Dhauladhar (धौलाधार) (lit. 'The White Range') (Note: The word “Dhaula” धौला means absolutely pure, clear, nirmal (clean), and dhar धार means range.) is a mountain range which is part of a lesser Himalayan chain of mountains in northern India. It rises from the Shivalik hills, to the north of Kangra and Mandi. Dharamsala, the headquarters of Kangra district and the winter capital of the state of Himachal Pradesh, lies on its southern spur in the Kangra Valley. Chamba lies to the North of this range.

== Overview ==

The Dhauladhar range is one of the ranges of the Middle Himalayas. They begin from near Dalhousie at the northwest end of Himachal Pradesh and pass through the state to the vicinity of the bank of the Beas River in the Kulu district of Himachal Pradesh. They begin to merge with the Pir Panjal near Manali. They are entirely in Himachal Pradesh. They are distinctive in their typical dark granite rocky formations with a remarkably steep rise culminating in sharp streaks of snow and ice at the top of their crested peaks. This distinctive profile is best seen from the Kangra Valley from where they seem to shoot up almost vertically. The range begins near Dalhousie and passes through the state to the vicinity of the bank of the Beas River. In the Mandi district, the range is notable for the Uhl River valley, which is a major tributary of the Beas and home to the historic Shanan Power House. The Dhauladhar eventually begins to merge with the Pir Panjal near Manali.

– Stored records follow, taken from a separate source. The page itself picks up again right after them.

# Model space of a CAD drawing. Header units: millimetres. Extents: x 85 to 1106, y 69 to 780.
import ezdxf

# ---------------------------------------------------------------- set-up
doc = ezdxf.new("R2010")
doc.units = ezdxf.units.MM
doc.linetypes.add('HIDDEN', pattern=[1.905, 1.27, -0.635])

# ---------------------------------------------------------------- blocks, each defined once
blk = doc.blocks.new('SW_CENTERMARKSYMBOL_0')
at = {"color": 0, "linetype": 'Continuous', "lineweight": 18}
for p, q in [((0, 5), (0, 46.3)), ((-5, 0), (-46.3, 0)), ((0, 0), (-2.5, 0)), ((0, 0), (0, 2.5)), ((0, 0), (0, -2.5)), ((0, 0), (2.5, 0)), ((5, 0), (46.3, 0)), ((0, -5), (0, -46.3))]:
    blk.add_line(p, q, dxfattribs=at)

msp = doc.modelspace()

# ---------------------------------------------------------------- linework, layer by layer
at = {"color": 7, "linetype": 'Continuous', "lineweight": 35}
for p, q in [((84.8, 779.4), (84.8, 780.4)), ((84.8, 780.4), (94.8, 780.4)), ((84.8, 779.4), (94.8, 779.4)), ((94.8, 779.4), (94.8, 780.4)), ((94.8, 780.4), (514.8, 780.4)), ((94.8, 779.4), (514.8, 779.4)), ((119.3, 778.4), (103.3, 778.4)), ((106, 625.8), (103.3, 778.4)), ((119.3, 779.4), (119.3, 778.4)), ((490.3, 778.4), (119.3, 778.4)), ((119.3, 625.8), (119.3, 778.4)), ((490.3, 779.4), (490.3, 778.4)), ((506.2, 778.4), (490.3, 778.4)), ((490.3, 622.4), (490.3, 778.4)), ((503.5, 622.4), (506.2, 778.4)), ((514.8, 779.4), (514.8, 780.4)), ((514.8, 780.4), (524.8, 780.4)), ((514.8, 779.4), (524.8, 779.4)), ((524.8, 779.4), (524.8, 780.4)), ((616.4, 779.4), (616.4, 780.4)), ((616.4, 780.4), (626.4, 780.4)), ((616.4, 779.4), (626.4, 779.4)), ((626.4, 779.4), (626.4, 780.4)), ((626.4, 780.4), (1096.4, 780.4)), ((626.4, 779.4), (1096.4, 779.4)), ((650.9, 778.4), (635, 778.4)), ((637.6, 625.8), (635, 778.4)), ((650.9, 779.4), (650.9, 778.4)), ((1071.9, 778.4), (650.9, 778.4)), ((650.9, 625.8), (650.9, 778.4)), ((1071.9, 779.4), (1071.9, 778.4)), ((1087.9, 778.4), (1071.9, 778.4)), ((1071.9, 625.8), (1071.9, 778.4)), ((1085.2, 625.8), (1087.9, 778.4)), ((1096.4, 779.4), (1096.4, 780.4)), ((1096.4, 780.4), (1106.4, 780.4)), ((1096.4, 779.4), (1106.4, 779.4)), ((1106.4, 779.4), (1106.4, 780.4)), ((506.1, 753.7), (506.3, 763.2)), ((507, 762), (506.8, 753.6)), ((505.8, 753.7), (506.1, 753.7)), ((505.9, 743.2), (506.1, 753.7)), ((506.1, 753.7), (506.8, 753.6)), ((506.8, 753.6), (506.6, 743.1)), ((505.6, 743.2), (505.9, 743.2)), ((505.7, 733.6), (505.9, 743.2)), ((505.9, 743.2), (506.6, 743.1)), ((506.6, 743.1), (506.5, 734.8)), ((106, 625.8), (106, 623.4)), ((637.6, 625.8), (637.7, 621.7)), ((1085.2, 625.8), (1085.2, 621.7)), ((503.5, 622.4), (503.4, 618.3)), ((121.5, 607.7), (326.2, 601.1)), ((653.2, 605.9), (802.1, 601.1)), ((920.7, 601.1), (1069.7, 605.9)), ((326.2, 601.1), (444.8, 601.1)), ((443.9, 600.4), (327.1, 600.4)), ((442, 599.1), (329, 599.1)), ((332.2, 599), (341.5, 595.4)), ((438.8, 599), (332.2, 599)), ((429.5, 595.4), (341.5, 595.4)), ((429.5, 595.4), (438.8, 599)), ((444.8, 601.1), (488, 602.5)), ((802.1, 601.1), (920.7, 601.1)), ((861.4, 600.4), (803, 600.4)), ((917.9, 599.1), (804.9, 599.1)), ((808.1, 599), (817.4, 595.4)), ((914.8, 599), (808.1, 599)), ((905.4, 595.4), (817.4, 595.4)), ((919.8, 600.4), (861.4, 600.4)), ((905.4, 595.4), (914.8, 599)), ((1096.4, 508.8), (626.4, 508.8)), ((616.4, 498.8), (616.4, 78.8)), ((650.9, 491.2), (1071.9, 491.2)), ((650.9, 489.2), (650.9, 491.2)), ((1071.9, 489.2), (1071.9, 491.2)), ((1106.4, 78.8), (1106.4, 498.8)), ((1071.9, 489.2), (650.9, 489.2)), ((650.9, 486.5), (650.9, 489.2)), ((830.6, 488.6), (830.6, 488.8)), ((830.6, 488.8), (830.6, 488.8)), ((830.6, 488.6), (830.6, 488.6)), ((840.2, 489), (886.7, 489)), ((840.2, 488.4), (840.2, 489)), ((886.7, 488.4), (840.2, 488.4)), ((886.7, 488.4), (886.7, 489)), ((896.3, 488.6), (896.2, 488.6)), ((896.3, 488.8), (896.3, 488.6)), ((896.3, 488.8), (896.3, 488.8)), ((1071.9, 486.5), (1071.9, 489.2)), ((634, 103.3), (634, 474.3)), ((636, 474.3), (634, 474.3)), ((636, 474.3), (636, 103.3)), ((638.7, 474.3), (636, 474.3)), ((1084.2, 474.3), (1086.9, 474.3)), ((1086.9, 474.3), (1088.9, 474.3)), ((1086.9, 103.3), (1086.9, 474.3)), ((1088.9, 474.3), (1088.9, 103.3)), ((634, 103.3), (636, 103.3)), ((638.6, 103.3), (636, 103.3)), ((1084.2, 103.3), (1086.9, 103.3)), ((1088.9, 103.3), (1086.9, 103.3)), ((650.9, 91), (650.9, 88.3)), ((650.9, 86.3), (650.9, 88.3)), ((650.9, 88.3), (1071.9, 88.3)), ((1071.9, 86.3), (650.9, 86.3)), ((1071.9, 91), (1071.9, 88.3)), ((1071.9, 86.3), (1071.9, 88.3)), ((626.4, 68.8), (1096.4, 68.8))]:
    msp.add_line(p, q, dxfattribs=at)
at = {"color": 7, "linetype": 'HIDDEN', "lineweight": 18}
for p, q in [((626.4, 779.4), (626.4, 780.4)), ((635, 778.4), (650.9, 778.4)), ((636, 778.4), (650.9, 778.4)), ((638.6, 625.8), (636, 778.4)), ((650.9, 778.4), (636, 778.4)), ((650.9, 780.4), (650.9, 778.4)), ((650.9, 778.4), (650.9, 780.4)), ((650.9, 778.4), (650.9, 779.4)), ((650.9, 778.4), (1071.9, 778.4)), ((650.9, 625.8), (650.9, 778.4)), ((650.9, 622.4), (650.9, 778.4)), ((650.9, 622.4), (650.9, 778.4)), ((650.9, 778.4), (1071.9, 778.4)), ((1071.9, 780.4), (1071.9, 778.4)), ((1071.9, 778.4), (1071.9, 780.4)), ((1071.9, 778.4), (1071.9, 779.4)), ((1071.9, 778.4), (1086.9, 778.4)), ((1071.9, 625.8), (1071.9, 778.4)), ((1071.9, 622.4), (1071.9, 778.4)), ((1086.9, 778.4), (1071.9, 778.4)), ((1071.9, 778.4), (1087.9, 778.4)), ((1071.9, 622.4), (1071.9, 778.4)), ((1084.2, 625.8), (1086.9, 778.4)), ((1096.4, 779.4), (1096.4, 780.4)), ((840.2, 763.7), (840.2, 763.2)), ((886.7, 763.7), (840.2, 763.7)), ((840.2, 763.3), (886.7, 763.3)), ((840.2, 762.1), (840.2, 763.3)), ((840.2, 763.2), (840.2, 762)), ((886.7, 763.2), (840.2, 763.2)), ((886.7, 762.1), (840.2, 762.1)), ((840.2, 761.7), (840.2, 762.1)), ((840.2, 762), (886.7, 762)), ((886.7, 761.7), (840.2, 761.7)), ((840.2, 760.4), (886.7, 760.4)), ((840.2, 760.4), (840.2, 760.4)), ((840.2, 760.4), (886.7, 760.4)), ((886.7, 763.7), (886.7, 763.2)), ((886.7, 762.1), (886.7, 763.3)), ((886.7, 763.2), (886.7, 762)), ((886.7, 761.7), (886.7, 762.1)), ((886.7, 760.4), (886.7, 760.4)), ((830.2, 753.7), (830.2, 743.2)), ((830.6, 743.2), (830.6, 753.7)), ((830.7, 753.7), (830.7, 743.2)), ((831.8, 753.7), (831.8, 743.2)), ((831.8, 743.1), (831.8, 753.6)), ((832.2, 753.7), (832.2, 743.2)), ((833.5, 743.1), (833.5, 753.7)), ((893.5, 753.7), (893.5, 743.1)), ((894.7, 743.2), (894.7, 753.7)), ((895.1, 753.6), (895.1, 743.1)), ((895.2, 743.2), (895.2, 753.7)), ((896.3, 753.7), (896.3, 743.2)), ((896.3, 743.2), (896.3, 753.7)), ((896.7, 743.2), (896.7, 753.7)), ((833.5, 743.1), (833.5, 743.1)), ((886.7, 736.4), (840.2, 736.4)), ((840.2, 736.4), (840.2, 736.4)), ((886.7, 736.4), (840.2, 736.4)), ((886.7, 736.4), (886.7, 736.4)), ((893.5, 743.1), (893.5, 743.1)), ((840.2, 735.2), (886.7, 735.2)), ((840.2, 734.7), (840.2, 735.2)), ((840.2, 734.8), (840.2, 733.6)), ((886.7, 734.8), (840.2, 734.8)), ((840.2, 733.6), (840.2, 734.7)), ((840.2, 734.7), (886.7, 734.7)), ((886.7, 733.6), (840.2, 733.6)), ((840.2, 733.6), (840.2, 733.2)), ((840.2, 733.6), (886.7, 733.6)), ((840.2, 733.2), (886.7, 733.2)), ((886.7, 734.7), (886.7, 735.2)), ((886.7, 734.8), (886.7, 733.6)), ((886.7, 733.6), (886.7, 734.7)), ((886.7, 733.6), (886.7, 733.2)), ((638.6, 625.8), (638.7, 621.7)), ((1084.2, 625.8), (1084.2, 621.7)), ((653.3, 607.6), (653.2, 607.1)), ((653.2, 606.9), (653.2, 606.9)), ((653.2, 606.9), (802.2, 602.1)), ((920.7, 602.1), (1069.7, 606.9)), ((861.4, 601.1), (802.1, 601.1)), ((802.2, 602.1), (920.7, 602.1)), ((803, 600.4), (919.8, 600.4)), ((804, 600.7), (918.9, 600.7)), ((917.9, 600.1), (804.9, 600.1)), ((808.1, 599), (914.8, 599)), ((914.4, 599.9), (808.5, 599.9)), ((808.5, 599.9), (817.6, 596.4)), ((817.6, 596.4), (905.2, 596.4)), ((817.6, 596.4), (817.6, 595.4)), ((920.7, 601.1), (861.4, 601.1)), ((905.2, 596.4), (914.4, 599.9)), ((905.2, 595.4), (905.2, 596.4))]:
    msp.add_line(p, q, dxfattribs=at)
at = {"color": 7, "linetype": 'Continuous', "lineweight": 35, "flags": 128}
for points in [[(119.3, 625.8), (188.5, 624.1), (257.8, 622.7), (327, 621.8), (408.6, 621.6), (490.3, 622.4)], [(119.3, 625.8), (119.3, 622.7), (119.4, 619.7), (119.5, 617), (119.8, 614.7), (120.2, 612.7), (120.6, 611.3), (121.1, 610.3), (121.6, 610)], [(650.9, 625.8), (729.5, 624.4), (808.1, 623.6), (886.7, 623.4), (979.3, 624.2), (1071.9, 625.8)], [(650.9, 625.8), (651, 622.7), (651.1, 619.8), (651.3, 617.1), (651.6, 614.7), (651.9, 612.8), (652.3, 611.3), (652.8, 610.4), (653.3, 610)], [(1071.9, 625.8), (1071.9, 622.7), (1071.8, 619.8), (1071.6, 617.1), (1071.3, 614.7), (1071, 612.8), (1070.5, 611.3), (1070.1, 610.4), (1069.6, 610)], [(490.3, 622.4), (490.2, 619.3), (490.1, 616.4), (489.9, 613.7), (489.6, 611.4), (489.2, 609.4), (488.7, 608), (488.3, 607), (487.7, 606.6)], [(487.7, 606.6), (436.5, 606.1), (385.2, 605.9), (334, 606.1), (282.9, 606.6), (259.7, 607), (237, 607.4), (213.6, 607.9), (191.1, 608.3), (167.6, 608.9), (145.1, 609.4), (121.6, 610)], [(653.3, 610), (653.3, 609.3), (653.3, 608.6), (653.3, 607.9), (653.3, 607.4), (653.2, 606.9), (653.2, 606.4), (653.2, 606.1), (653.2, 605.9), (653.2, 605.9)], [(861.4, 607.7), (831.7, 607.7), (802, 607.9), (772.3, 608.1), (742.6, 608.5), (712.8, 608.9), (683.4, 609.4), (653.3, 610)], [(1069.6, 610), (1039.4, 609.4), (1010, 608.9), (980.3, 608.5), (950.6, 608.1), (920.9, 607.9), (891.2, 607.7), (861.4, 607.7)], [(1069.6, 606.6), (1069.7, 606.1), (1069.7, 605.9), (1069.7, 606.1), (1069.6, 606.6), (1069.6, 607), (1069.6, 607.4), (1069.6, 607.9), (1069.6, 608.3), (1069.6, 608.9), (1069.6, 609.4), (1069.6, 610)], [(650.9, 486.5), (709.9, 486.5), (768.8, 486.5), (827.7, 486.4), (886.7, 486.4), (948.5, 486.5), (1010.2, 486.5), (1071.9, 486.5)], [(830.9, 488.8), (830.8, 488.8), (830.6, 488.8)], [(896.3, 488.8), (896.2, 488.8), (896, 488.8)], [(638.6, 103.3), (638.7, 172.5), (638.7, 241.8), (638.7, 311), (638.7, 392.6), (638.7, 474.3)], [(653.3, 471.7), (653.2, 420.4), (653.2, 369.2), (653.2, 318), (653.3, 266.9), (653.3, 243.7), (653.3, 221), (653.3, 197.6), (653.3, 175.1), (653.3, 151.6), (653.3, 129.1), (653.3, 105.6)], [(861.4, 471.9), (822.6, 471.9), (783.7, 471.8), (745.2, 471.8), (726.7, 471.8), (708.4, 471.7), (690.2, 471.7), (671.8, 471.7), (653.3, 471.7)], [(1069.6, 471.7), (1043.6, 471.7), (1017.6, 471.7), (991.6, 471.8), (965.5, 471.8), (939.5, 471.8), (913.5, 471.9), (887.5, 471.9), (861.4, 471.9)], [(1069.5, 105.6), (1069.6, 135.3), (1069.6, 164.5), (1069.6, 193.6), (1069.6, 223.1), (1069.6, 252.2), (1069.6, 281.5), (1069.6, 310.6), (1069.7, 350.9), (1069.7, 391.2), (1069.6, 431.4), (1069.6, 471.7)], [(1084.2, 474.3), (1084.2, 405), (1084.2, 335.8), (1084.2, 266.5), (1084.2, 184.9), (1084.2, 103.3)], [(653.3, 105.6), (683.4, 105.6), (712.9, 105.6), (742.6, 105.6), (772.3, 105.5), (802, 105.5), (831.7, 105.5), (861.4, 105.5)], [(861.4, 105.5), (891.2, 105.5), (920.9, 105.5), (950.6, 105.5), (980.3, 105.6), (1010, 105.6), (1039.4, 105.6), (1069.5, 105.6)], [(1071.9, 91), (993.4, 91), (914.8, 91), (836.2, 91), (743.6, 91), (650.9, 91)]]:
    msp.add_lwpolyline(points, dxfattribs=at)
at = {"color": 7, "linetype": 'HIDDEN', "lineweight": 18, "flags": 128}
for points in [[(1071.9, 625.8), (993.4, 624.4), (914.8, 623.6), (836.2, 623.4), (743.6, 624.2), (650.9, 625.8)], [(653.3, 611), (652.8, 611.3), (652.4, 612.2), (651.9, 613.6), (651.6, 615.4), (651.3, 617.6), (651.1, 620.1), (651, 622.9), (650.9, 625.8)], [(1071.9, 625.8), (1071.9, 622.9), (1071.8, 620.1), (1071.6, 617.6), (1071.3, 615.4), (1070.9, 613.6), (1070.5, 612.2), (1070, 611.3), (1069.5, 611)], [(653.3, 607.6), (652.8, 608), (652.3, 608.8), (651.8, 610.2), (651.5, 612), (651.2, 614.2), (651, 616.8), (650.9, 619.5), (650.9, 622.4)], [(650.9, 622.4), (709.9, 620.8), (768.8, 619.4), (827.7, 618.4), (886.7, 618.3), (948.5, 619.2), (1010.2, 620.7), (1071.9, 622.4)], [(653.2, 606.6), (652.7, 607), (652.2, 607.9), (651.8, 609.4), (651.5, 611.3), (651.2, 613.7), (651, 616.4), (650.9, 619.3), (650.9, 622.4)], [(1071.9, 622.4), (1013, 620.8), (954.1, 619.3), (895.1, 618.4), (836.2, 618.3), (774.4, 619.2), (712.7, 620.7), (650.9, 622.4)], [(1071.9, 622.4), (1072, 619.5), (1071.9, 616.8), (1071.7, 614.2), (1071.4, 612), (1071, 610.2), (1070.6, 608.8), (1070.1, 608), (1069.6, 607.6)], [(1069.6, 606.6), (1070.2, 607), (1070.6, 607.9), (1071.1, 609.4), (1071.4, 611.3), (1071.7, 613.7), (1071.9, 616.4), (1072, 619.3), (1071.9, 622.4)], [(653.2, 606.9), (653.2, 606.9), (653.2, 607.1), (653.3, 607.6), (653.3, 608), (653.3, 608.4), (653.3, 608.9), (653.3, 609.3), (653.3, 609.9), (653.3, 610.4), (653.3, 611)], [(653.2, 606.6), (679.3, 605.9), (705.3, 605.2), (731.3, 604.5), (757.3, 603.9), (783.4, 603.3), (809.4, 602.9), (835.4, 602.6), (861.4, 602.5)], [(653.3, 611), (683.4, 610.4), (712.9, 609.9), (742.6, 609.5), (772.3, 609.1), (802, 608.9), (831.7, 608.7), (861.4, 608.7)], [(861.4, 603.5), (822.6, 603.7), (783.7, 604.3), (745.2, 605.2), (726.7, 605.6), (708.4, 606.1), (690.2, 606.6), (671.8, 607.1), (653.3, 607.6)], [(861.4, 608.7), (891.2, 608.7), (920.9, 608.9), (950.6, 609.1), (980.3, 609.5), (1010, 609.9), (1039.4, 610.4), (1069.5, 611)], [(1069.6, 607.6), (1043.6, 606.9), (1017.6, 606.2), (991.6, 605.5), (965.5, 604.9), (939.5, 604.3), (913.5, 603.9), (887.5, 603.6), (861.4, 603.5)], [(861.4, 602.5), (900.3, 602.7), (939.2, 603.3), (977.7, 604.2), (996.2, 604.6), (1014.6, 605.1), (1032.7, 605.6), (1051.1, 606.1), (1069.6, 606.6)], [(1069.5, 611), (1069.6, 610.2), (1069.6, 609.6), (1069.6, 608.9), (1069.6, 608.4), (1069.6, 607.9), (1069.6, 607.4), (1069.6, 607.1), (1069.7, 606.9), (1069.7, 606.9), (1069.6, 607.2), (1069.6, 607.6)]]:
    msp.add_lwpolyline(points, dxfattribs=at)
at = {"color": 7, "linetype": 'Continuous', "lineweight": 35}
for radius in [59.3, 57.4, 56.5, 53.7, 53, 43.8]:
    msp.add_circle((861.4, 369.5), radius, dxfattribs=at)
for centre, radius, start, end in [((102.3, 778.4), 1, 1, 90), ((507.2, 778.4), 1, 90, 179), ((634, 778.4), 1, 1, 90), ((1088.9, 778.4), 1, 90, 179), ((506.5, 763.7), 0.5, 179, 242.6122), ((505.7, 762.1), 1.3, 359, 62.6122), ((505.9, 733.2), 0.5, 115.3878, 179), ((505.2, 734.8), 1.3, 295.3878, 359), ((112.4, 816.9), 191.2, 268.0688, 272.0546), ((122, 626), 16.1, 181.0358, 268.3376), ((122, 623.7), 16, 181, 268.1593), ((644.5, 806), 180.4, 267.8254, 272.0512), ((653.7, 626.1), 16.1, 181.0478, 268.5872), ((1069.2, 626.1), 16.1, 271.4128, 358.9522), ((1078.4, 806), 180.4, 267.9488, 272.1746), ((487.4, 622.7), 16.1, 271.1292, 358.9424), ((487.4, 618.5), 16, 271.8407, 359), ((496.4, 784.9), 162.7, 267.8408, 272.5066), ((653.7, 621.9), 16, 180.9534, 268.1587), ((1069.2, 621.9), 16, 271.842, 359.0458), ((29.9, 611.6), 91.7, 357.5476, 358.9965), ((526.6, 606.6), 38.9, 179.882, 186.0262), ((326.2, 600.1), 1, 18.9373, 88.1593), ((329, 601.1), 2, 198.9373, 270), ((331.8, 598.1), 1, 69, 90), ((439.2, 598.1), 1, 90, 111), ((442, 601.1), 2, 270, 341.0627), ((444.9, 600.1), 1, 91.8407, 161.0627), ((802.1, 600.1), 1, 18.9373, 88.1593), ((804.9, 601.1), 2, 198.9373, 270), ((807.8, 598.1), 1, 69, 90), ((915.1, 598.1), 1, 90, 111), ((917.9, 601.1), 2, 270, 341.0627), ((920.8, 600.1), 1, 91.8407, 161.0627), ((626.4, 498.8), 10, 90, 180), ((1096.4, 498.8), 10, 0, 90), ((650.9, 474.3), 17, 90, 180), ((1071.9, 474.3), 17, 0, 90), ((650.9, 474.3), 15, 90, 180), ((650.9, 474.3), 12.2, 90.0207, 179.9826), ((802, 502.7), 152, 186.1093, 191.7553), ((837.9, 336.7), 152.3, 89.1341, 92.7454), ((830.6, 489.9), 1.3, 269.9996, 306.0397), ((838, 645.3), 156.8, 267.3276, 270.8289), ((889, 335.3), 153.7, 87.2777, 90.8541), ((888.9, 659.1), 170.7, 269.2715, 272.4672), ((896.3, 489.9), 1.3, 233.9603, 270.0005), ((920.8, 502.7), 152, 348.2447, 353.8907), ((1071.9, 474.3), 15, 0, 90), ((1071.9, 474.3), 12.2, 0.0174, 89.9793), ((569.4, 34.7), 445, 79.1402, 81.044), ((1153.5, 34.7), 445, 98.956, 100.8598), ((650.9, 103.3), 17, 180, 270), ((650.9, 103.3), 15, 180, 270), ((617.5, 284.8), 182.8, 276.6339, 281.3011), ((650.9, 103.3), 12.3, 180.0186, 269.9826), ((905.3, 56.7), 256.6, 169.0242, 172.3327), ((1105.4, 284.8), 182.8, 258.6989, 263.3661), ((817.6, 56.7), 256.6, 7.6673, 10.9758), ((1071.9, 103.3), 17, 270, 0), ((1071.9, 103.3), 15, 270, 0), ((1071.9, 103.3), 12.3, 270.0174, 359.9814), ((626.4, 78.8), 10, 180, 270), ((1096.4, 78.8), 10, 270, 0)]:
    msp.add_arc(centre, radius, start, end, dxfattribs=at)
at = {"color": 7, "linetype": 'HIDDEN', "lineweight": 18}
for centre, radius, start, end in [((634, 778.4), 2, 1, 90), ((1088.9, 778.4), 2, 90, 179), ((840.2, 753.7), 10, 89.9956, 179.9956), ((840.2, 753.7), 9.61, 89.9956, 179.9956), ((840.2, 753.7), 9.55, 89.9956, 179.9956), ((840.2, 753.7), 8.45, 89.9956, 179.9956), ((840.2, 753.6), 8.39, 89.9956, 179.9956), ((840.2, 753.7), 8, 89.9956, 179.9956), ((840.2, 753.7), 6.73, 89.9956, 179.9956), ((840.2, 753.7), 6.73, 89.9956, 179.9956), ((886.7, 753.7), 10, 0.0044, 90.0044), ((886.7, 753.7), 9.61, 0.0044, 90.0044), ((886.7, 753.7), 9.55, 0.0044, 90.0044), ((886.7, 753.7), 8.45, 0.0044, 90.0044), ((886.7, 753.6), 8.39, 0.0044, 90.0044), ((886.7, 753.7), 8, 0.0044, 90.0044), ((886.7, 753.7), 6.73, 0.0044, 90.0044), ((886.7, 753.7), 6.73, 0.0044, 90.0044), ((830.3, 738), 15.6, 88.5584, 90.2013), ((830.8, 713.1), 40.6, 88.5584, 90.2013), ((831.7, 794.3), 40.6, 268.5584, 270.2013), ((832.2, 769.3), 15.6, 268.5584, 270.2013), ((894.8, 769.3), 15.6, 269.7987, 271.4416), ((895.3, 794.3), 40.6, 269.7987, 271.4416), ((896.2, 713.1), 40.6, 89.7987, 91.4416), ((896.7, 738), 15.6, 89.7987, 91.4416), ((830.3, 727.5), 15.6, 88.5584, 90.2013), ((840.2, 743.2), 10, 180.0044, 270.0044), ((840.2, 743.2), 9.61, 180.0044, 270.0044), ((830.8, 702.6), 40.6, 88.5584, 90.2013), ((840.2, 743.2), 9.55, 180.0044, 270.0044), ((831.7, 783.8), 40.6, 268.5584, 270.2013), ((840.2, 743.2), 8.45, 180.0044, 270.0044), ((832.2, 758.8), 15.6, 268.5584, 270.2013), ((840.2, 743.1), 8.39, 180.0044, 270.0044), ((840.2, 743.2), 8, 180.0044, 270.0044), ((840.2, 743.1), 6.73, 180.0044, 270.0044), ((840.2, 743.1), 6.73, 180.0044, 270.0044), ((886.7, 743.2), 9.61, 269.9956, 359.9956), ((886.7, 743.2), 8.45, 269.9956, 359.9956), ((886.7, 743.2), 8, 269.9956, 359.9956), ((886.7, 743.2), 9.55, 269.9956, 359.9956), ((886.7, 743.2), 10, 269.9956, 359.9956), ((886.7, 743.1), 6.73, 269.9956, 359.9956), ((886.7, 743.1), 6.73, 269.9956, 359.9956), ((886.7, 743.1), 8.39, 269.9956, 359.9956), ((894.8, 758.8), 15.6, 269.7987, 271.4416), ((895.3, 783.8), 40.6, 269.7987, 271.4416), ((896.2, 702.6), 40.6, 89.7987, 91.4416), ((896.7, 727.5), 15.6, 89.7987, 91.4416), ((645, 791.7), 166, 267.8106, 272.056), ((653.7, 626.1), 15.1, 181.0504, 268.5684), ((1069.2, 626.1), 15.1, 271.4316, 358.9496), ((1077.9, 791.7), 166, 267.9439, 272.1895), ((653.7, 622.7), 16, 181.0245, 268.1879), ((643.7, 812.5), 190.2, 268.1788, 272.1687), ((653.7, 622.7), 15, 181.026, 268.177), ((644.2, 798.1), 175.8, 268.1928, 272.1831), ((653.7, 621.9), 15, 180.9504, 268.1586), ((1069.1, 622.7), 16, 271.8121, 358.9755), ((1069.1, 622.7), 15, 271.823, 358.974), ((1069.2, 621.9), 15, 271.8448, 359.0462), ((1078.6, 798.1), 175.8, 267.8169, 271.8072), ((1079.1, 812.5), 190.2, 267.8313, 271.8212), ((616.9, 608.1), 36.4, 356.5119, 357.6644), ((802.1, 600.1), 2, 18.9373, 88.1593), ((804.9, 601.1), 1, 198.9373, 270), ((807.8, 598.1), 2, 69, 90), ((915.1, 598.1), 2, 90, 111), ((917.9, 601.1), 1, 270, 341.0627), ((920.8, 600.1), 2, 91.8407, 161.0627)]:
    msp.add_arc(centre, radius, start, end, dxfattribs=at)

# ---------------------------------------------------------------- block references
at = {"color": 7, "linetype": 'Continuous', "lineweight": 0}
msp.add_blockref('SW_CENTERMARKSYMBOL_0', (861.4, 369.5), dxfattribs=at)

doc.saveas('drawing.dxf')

The elevation of the Dhauladhars ranges widely from 3,500 m to nearly 6,056 m. The highest peak in the range is the Hanuman Tibba, 5,982 metres (19,626 ft) above sea level. There are several peaks which are close to 5500 m (17,000 ft). From the banks of the Beas River in Kulu, the range curves towards the town of Mandi, Himachal Pradesh, India. Then, running north, it passes through Bada Bhangal, joins the Pir Panjal Range and moves into Chamba.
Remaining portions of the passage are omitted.